__Stored records__
^^^^^^^^
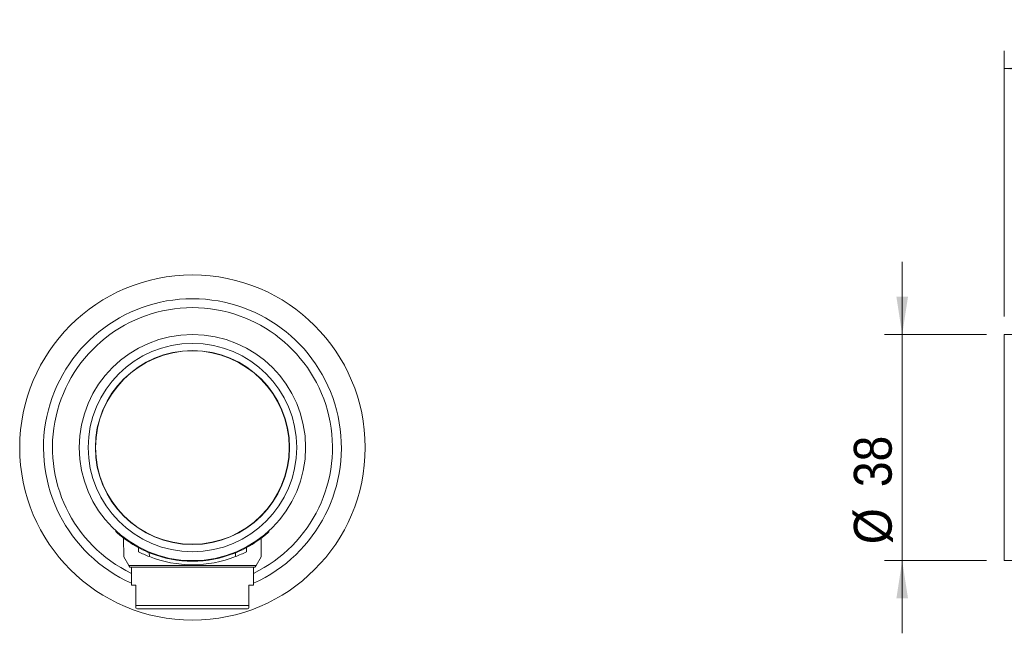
# Model space of a CAD drawing. Header units: millimetres. Extents: x 43 to 200, y 16 to 282.
# Tile 4 of 10: x 43 to 98, y 135 to 169. Entities that reach past the tile are written whole.
import ezdxf

# ---------------------------------------------------------------- set-up
doc = ezdxf.new("R2010")
doc.units = ezdxf.units.MM
doc.styles.add('SLDTEXTSTYLE0', font='GOTHIC.TTF', dxfattribs={"width": 0.913})
doc.dimstyles.new('SLDDIMSTYLE0', dxfattribs={"dimtxt": 2.116667, "dimasz": 2.116667, "dimexe": 0, "dimexo": 0.0625, "dimgap": 0.529167, "dimtad": 1, "dimlfac": 3, "dimrnd": 1e-09, "dimzin": 12, "dimdsep": 46, "dimtxsty": 'SLDTEXTSTYLE0', "dimsah": 1, "dimcen": 0.09, "dimadec": 0, "dimazin": 3, "dimtfac": 1, "dimtmove": 0, "dimatfit": 0, "dimfxl": 0, "dimfrac": 2, "dimtolj": 1, "dimtzin": 12, "dimarcsym": 0})
doc.dimstyles.new('SLDDIMSTYLE1', dxfattribs={"dimtxt": 2.116667, "dimasz": 2.116667, "dimexe": 0, "dimexo": 0.0625, "dimgap": 0.529167, "dimtad": 1, "dimlfac": 3, "dimrnd": 1e-09, "dimzin": 12, "dimdsep": 46, "dimtxsty": 'SLDTEXTSTYLE0', "dimsah": 1, "dimcen": 0.09, "dimadec": 0, "dimazin": 3, "dimtfac": 1, "dimtofl": 0, "dimtmove": 0, "dimatfit": 3, "dimfxl": 0, "dimfrac": 2, "dimtolj": 1, "dimtzin": 12, "dimarcsym": 0})

# ---------------------------------------------------------------- blocks, each defined once
blk = doc.blocks.new('*D1')
at = {"color": 7, "linetype": 'Continuous', "lineweight": 0}
for p, q in [((92.125, 151.527), (92.125, 155.597)), ((96.838, 151.527), (91.125, 151.527)), ((92.125, 151.527), (92.125, 138.86)), ((96.838, 138.86), (91.125, 138.86)), ((92.125, 138.86), (92.125, 134.789))]:
    blk.add_line(p, q, dxfattribs=at)
for points in [[(92.125, 151.527), (92.45, 153.643), (91.799, 153.643)], [(92.125, 138.86), (91.799, 136.743), (92.45, 136.743)]]:
    blk.add_solid(points, dxfattribs=at)
at = {"color": 7, "linetype": 'Continuous', "lineweight": 0, "char_height": 2.1167, "attachment_point": 1, "rotation": 90, "style": 'SLDTEXTSTYLE0'}
for s, insert in [('38', (89.421, 142.978, 0.033)), ('%%c', (89.421, 139.783, 0.033))]:
    blk.add_mtext(s, dxfattribs=dict(at, insert=insert))
blk = doc.blocks.new('*D2')
at = {"color": 7, "linetype": 'Continuous', "lineweight": 0}
for p, q in [((97.838, 152.527), (97.838, 167.413)), ((171.171, 154.527), (171.171, 167.413)), ((97.838, 166.413), (171.171, 166.413))]:
    blk.add_line(p, q, dxfattribs=at)
for points in [[(97.838, 166.413), (99.955, 166.087), (99.955, 166.738)], [(171.171, 166.413), (169.055, 166.738), (169.055, 166.087)]]:
    blk.add_solid(points, dxfattribs=at)
at = {"color": 7, "linetype": 'Continuous', "lineweight": 0, "insert": (128.754, 169.116, 0.033), "char_height": 2.1167, "attachment_point": 1, "style": 'SLDTEXTSTYLE0'}
blk.add_mtext('220', dxfattribs=at)

msp = doc.modelspace()

# ---------------------------------------------------------------- linework, layer by layer
at = {"color": 7, "linetype": 'Continuous', "lineweight": 15}
for p, q in [((166.1715, 151.5266), (97.8382, 151.5266)), ((97.8382, 145.1933), (97.8382, 151.5266)), ((97.8382, 138.86), (97.8382, 145.1933)), ((48.1264, 140.5281), (48.1264, 140.4747)), ((56.6931, 140.475), (56.6931, 140.5281)), ((48.5593, 140.1263), (48.5703, 139.0813)), ((56.2492, 139.0813), (56.2602, 140.1239)), ((48.9431, 139.8532), (48.9431, 139.893)), ((49.3939, 139.3602), (49.3899, 139.5908)), ((55.4296, 139.5896), (55.4256, 139.3602)), ((55.8764, 139.8532), (55.8764, 139.893)), ((48.5703, 139.0813), (48.8526, 138.5923)), ((55.9669, 138.5923), (56.2492, 139.0813)), ((97.8382, 138.86), (103.3382, 138.86)), ((48.8526, 138.5923), (55.9669, 138.5923)), ((48.8526, 138.5923), (48.9098, 138.4933)), ((55.9098, 138.4933), (48.9098, 138.4933)), ((48.9931, 138.4933), (48.9931, 137.4933)), ((55.8264, 137.4933), (55.8264, 138.4933)), ((55.9098, 138.4933), (55.9669, 138.5923)), ((49.2498, 137.4933), (48.9931, 137.4933)), ((49.2498, 137.4933), (49.2498, 136.3524)), ((55.8264, 137.4933), (55.5698, 137.4933)), ((55.5698, 137.4933), (55.5698, 136.3524)), ((49.2498, 136.3524), (49.2498, 136.2088)), ((55.5698, 136.3524), (49.2498, 136.3524)), ((49.2498, 136.2042), (49.3264, 136.16)), ((55.4931, 136.16), (49.3264, 136.16)), ((55.4931, 136.16), (55.5698, 136.2042)), ((55.5698, 136.2105), (55.5698, 136.3524))]:
    msp.add_line(p, q, dxfattribs=at)
at = {"color": 8, "linetype": 'Continuous', "lineweight": 15}
for p, q in [((49.9948, 139.3041), (49.9986, 139.0853)), ((50.0431, 139.2829), (50.0431, 139.3188)), ((54.7764, 139.2829), (54.7764, 139.3188)), ((54.8209, 139.0853), (54.8248, 139.304))]:
    msp.add_line(p, q, dxfattribs=at)
at = {"color": 7, "linetype": 'Continuous', "lineweight": 15, "flags": 128}
for points in [[(49.0678, 139.7746), (48.6578, 140.0496), (48.3442, 140.2937), (48.2049, 140.4128), (48.1335, 140.4765), (48.1356, 140.4747)], [(56.6843, 140.475), (56.6865, 140.4769), (56.6233, 140.4204), (56.4925, 140.308), (56.2328, 140.1022), (55.8716, 139.8501)]]:
    msp.add_lwpolyline(points, dxfattribs=at)
at = {"color": 7, "linetype": 'Continuous', "lineweight": 15}
for radius in [9.6667, 6.3333, 5.8333, 5.4333, 5.4258, 5.4167]:
    msp.add_circle((52.4098, 145.1933), radius, dxfattribs=at)
for radius, start, end in [(8.3333, 294.20483, 245.79517), (6.3667, 237.00932, 248.17779), (6.3667, 291.82221, 302.99068), (6.5667, 242.6599, 248.45794), (6.5667, 248.45794, 291.54206), (6.3667, 248.17779, 291.82221), (6.5667, 291.54206, 297.3401)]:
    msp.add_arc((52.4098, 145.1933), radius, start, end, dxfattribs=at)
at = {"color": 8, "linetype": 'Continuous', "lineweight": 15}
msp.add_arc((52.4098, 145.1933), 7.8333, 295.85978, 244.14022, dxfattribs=at)

# ---------------------------------------------------------------- dimensions: what is measured, and where the dimension line sits
at = {"color": 7, "linetype": 'Continuous', "lineweight": 0}
dim = msp.add_linear_dim(base=(171.1715, 166.4127), p1=(97.8382, 151.5266), p2=(171.1715, 153.5266), angle=0, dimstyle='SLDDIMSTYLE1', dxfattribs=at)
dim.commit()
dim.dimension.update_dxf_attribs({"geometry": '*D2', "text_midpoint": (131.9581, 166.4127), "dimtype": 160})
dim = msp.add_linear_dim(base=(92.1247, 138.86), p1=(97.8382, 151.5266), p2=(97.8382, 138.86), angle=90, text='%%c<>', dimstyle='SLDDIMSTYLE0', dxfattribs=at)
dim.commit()
dim.dimension.update_dxf_attribs({"geometry": '*D1', "text_midpoint": (92.1247, 143.8031), "dimtype": 160})

doc.saveas('drawing.dxf')
^^^^^^^^
For each line above that contains the word "dimsah", give the line as it is written.

__YOUR SOLUTION__
doc.dimstyles.new('SLDDIMSTYLE0', dxfattribs={"dimtxt": 2.116667, "dimasz": 2.116667, "dimexe": 0, "dimexo": 0.0625, "dimgap": 0.529167, "dimtad": 1, "dimlfac": 3, "dimrnd": 1e-09, "dimzin": 12, "dimdsep": 46, "dimtxsty": 'SLDTEXTSTYLE0', "dimsah": 1, "dimcen": 0.09, "dimadec": 0, "dimazin": 3, "dimtfac": 1, "dimtmove": 0, "dimatfit": 0, "dimfxl": 0, "dimfrac": 2, "dimtolj": 1, "dimtzin": 12, "dimarcsym": 0})
doc.dimstyles.new('SLDDIMSTYLE1', dxfattribs={"dimtxt": 2.116667, "dimasz": 2.116667, "dimexe": 0, "dimexo": 0.0625, "dimgap": 0.529167, "dimtad": 1, "dimlfac": 3, "dimrnd": 1e-09, "dimzin": 12, "dimdsep": 46, "dimtxsty": 'SLDTEXTSTYLE0', "dimsah": 1, "dimcen": 0.09, "dimadec": 0, "dimazin": 3, "dimtfac": 1, "dimtofl": 0, "dimtmove": 0, "dimatfit": 3, "dimfxl": 0, "dimfrac": 2, "dimtolj": 1, "dimtzin": 12, "dimarcsym": 0})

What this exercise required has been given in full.